- Born: Claudio Velez c. 1964 Acapulco
- Website: www.tamaleguy.com

= Tamale Guy =

Mexican-American cook and mobile caterer

Claudio Velez, often referred to as the Tamale Guy, Authentic Tamale Guy or the Tamale Man, is a cook and mobile caterer of tamales in Chicago. Originally from Acapulco, Mexico, Velez has a longstanding reputation in the city's North Side nightlife as a food provider outside and inside of clubs, bars, and other establishments open late at night. He has been called "Santa Claus for the drunk and hungry" and sells up to 250 pork, chicken or cheese tamales a night. A mobile app through a Twitter account was developed by a customer intended to help others track his location across the city.

==2020 events==
In 2020, during the COVID-19 pandemic, with bars closed to the public, Velez began testing home delivery, and by April 2020, neighborhood groups were placing large orders for tamales. By August 13 Velez had opened a restaurant, which due to popularity had customers waiting in a line 10 blocks long on opening day.
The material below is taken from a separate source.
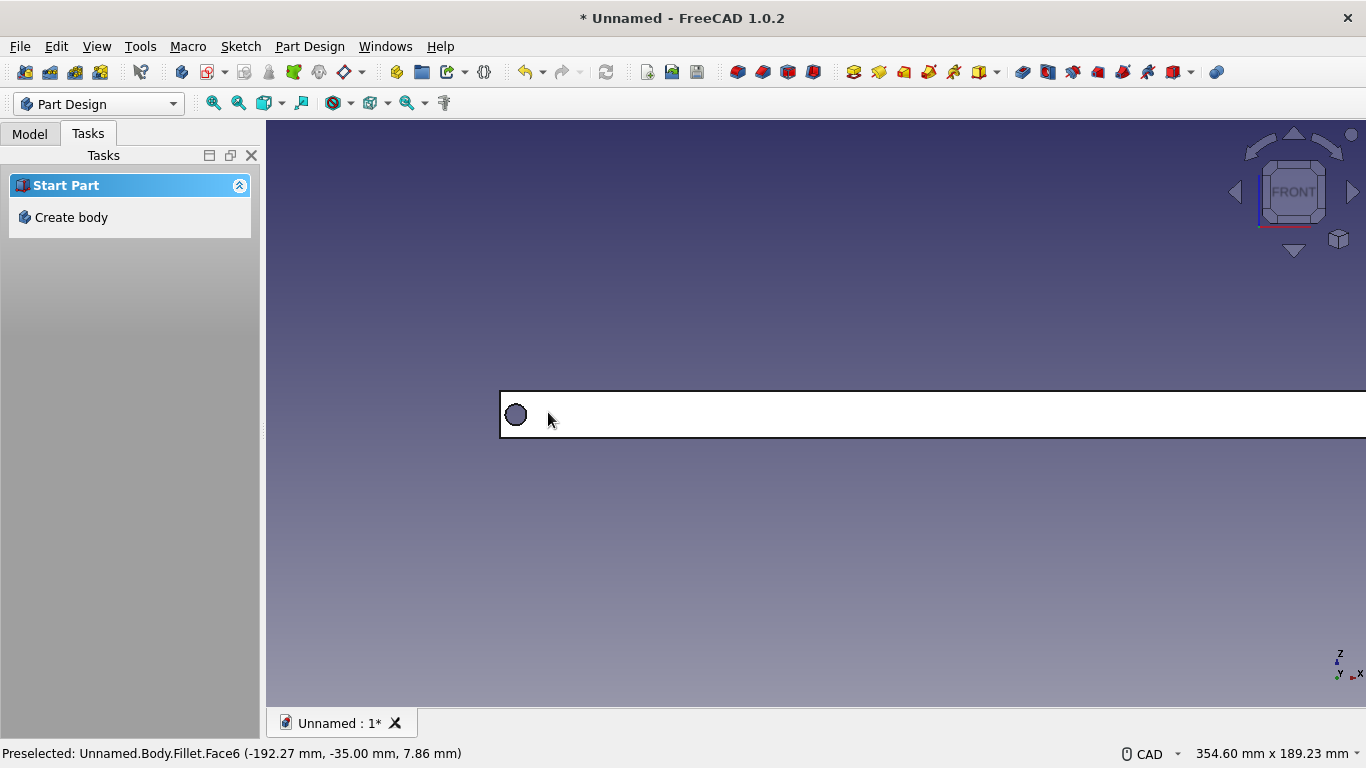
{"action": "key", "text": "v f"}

On August 29, media reported that Velez had contracted COVID-19 and was on a ventilator. On October 1, he had recovered and a GoFundMe fundraiser for his medical bills had raised tens of thousands of dollars. While Velez was hospitalized a Naperville brewery named a limited edition beer after him. Velez later closed his restaurant and moved into shared spaces, first at Lone Wolf in the West Loop, and then in Bangers & Lace, and in 2022 again to a new Logan Square bar called Quality Time.